Сусанья полезла за пазуху.
— А-га-а-а! — протянула дежурная, принимая из рук Сусаньи треугольник. — Так, так, так…
Она долго и внимательно читала письмо, повертела его перед собой так и этак, головой покачала, как председатель, Матвей Силыч, а тогда поднялась и сказала:
— Посидите пока тут, я скоро вернусь. — И вышла с письмом в руке.
Сусанья ломала голову: что бы это значило? Может, билет по письму пошла брать. Но дежурная вскоре появилась и сказала:
— Идемте со мной. Вас хочет видеть комендант станции. Пошли.
— Пошли, пошли, — заторопилась Сусанья, предчувствуя что-то доброе. Может, с билетом все уладилось?..
— А не знаешь зачем? — спросила она по дороге у дежурной, и та ответила загадкой:
— Сейчас все сами узнаете.
Военный комендант станции, пожилой, лет за сорок, мужчина в звании капитана, сидел за канцелярским столом без головного убора с приглаженными набок жиденькими светлыми волосами. Уши у коменданта были сторчком, будто насторожены, чтобы все лучше слышать, не пропуская и единого слова. Сусанье он почему-то напомнил того скучного доктора, у которого была она однажды на приеме по случаю болезни груди. Комендант кивком головы указал Сусанье на стул возле стола, коротко и мягко сказал:
— Прошу сесть. Пожалуйста.
На столе перед комендантом, между черным рогатым телефоном и алюминиевой пепельницей-тарелкой с торчащими в ней смятыми окурками, лежало то самое письмо. С улицы вошел еще один военный — моложе, с помятым, невыспавшимся лицом. Комендант тут же протянул ему письмо, говоря:
— Посмотри-ка, лейтенант.
Лейтенант умостился с письмом за столик, что стоял возле окна слева от входа. Лицо его стало сосредоточенным, серьезным, когда он склонился над столиком, воззрившись в письмо. Комендант тем временем выпытывал у Сусаньи:
— А вы не скажете — сын ваш офицер или рядовой?
— Да я, товарищ… толком-то и не скажу, кто он будет, — отвечала покорно Сусанья. — После школы его забрали молодешеньким. Десять классов токо окончил. Скоко-то месяцев в том самом, в Кузнецком, пробыл, и на фронт отправили. Той ешо осенью.
— Мгы! — вроде бы откашлялся комендант. — Ну, а последнее письмо от него когда было? Помните?
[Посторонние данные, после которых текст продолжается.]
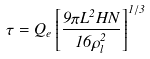<formula> <loc_0><loc_0><loc_500><loc_500>\tau = Q _ { e } \left [ { \frac { 9 \pi L ^ { 2 } H N } { 1 6 \rho _ { l } ^ { 2 } } } \right ] ^ { 1 / 3 }</formula> 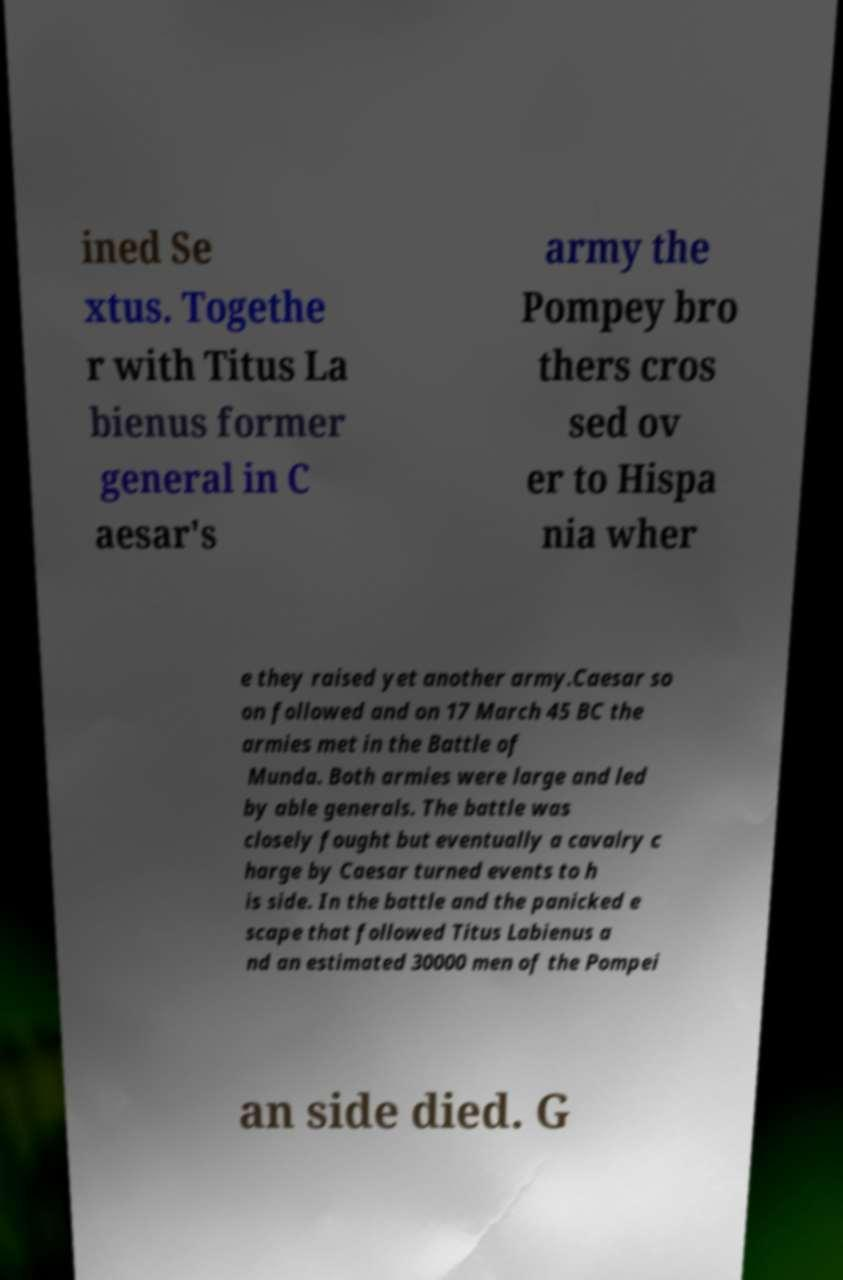Please identify and transcribe the text found in this image. ined Se xtus. Togethe r with Titus La bienus former general in C aesar's army the Pompey bro thers cros sed ov er to Hispa nia wher e they raised yet another army.Caesar so on followed and on 17 March 45 BC the armies met in the Battle of Munda. Both armies were large and led by able generals. The battle was closely fought but eventually a cavalry c harge by Caesar turned events to h is side. In the battle and the panicked e scape that followed Titus Labienus a nd an estimated 30000 men of the Pompei an side died. G 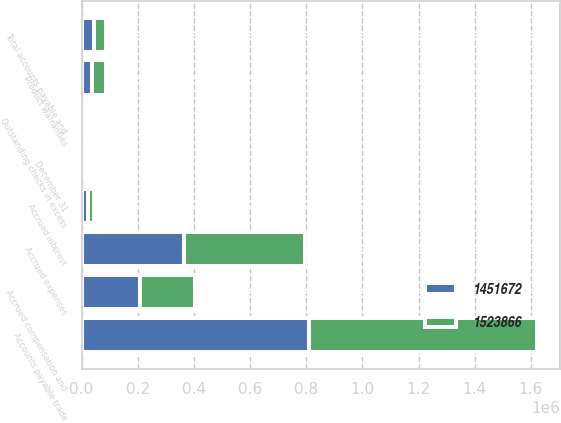<chart> <loc_0><loc_0><loc_500><loc_500><stacked_bar_chart><ecel><fcel>December 31<fcel>Outstanding checks in excess<fcel>Accounts payable trade<fcel>Accrued expenses<fcel>Product warranties<fcel>Accrued interest<fcel>Accrued compensation and<fcel>Total accounts payable and<nl><fcel>1.52387e+06<fcel>2018<fcel>14624<fcel>811879<fcel>430431<fcel>47511<fcel>21908<fcel>197513<fcel>43273<nl><fcel>1.45167e+06<fcel>2017<fcel>8879<fcel>810034<fcel>363919<fcel>39035<fcel>22363<fcel>207442<fcel>43273<nl></chart>

— Да как же не помнить-то? Помню. В середине лета и было, — ответила Сусанья, блуждая в догадках, к чему бы все эти расспросы. — В середине, так… А писал, что будто стоят пока в каком-то лизерве, а тогда и в бой пошлют. И от той поры никакой весточки боле. Я уж вся истерзалась, а тут и это вот, как косой острой подкосило. Токо ведь не мог он, не мог! Кабы вы знали, какой он у меня был… Тимочка-то…
Сусанью опять охватило сильное волнение, и слезы подступили к горлу, но она держалась, чтобы не заплакать, глотала и глотала душивший ее комок. Комендант с суровым выражением на сухощавом лице смотрел на Сусанью — то ли сочувствовал ей, то ли решал какой-то сложный вопрос.
Поднялся из-за столика лейтенант, подошел к коменданту, молча протянул тому письмо.
— Ну, что ты скажешь? — спросил у него комендант.
Лейтенант пожал плечами и ответил:
— Сомневаюсь во всем этом, товарищ капитан. Либо тут какое-то недоразумение, либо злонамеренное действие.